Şampiyon takımı futbol belirler

Sokağa çıktığımda tanıyanların ilk sorusu "kim şampiyon olacak" şeklinde. Geçen iki sezonda yaşanan mücadelede, yine aynı durumda G.Saray'ın ipi göğüsleyeceğinden kimsenin şüphesi yoktu. Bu kez dengeyi görüyorlar ve yarış kendi merak havuzunda oynanacak maçları bekliyor. Peki; ne de değişti Öncelikle hakem kararlarına standart geldi. Penaltı olmayan pozisyona penaltı çalıp, "baskı altındaydım" diyen, bir takımın puan kaybetmesine bile izin vermeyen ortam yok artık. Hakemler daha cesaretli maç yönetiyor, sarı kartlarını kullanıyor, kabul edilebilecek hata sınırında maç yönetiyor. VAR hakemlerinin yabancı olmasıyla, aldatma çabaları azaldı veya boşa çıkmaya başladı. Son olarak Mertens olayın kahramanıydı. O günden beri düşüşte ve Okan hoca da tercih etmiyor. Fikstür dezavantajı devreye girdi. Galatasaray'ın "zorlu" rakiplerle deplasmanda oynayacağı maçlar tartışılıyordu. Rize'de son anda kazandılar, Beşiktaş'a kaybettiler. Samsun'da antrenman maçı yaptılar, Trabzon ve Göztepe sınavları var. Yani; kimin şampiyon olacağı kararı bu kez "futbol" ile verilecek.

MOURİNHO BİLMECE ÇÖZDÜRÜYOR
Bu sezon yanıtını aradığımız bir soru var; Mourinho'nun stratejisi nedir, hangi sistemi veya prensipleri istiyor, oyunculardan talebi ne Bilmiyoruz... "Özel biri" futbol ile ilgili tek açıklamayı Trabzonspor maçı öncesinde yaptı ve rakibin kanat akınlarına dikkat çekerek "dörtlü" savunmayı tercih ettiklerini söyledi.

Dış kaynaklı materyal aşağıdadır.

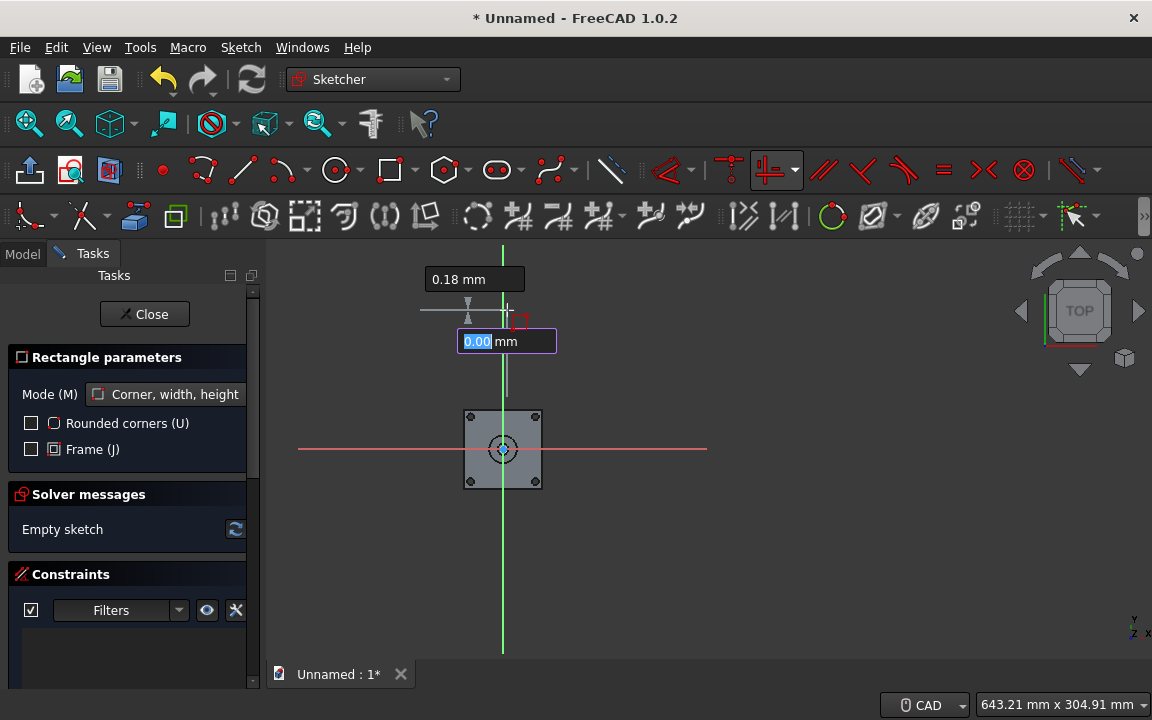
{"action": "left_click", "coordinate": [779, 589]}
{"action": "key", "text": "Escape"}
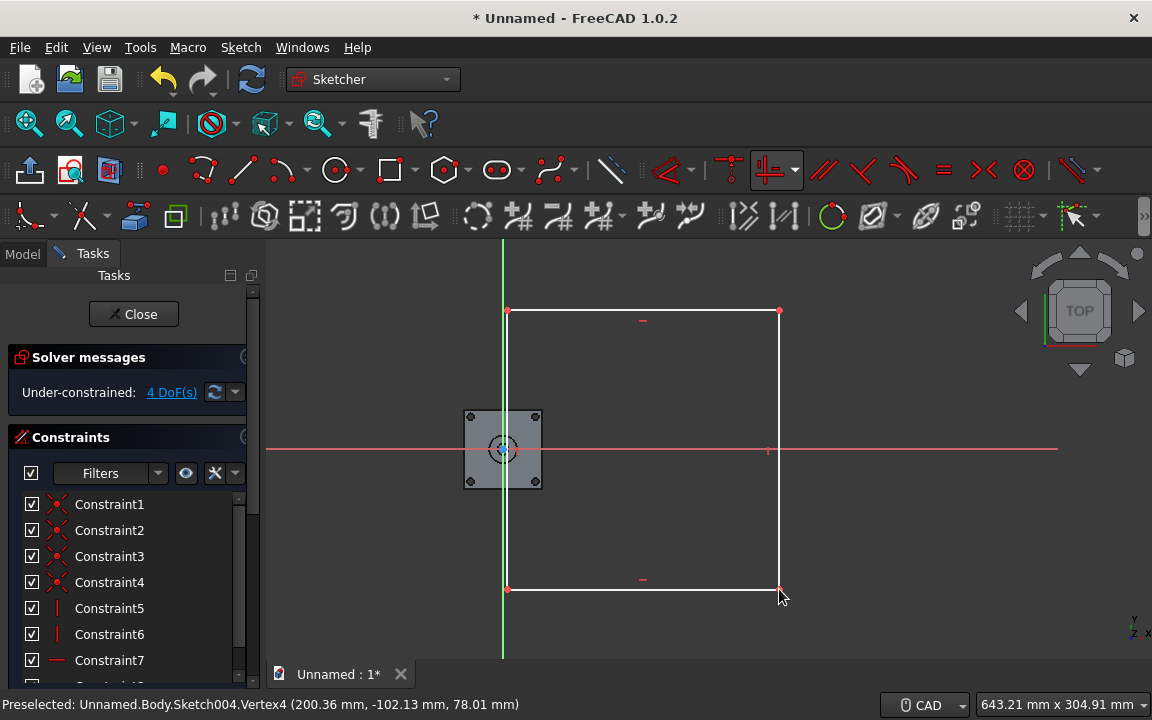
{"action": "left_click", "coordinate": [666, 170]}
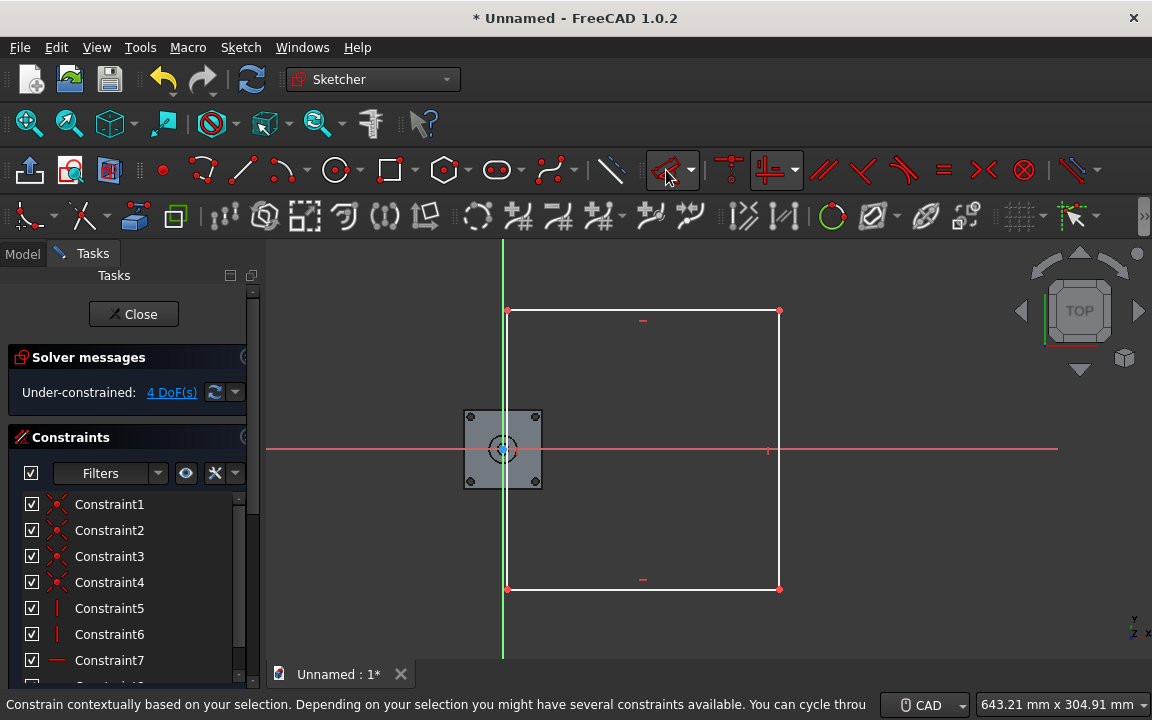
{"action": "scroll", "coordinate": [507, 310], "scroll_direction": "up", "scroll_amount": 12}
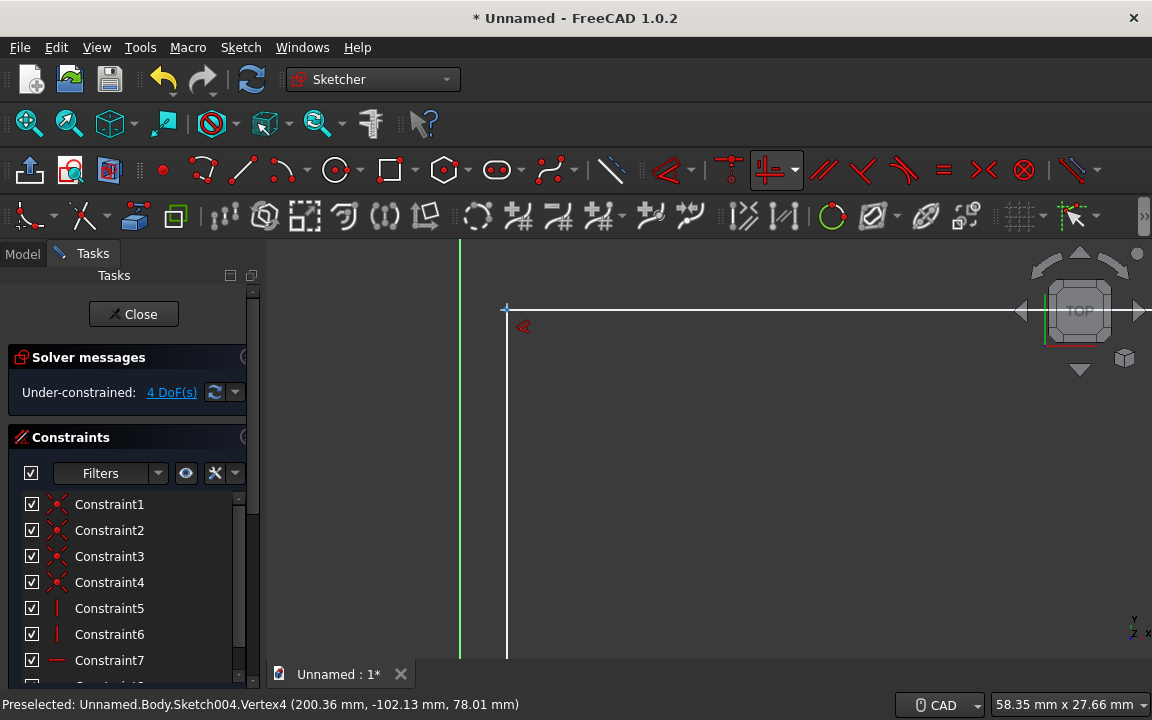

Neden üçlüye döndü, sonra dörtlüye neden devam ediyor 10 gün önce Kostic ile Oğuz Aydın bu takımın en önemli oyuncularıyken, neden iki haftadır kulübedeler. Hiçbirini bilmiyoruz. Kendisi de söylemiyor. Hepimiz bu gelişmeleri, kendi 'çapımıza' göre değerlendirmeye çalışıyoruz. "Bir bildiği var" demek durumunda kalıyoruz. Çünkü bu "saçmalık" serisinde sesimizi yükseltmek istediğimizde, koskoca bir kariyer duvarı önümüze çıkıyor.
Fenerbahçe, Mourinho ile kazanıyor ama ülkenin futbol ile ilgili tüm birimleri, kendisinden hiçbir şey öğrenemedi. Herkes bilmece çözmeye çalışıyor. Fal bakmaya devam edelim. Yazdıklarım bilgi değildir, fikirdir. Maximin'in kadrodan uzaklaşması, sorunlarını aşamaması ve takıma dönüş sürecinin uzamasında ne oldu; Mourinho üçlüyü döndü. Portekizli hocanın olmazsa olmazı, rakip kaleye dikine giden kanat oyuncusu. Topu rakibe bıraktığı için takımdaki alternatifler kaleden uzak kalınca, Kostic-Oğuz Aydın formülüne döndü.
Sıkıntılar yaşansa da formül işledi. İki maçta ise ezildi. İstanbul'daki Rangers ve Galatasaray kupa karşılaşmaları... "Savunan" sistemin bu iki maçta delik-deşik olması sonrasında Trabzonspor ve Sivasspor galibiyetleri geldi. İki maçta yedi gol atıldı, iki yendi. Dörtlü sistem çalıştı ve yıldızı Maximin oldu. Mourinho, sistem değil oyuncu performansı üstünden sonuca giden hoca olduğunu gösterdi bize. Talisca-Dzeko ve Tadic'i birlikte oynatmasının tek açıklaması da bu. Yani; altısı koşacak, dördü problem çözecek bir grup... Peki, en çok gol atanın, en beğenilenlerin kulübe maceraları neden Sistem değişse de, bu oyuncuların yeri var. Kısa yoldan bakalım, Mourinho bu üçlüye Galatasaray yenilgisinin faturasını kesti. Neyi yapmadılar, nerde eksikler bilmiyoruz elbette. Ama mantık bulamadığımızda, seçimlerin temelinde duygusallık yatar.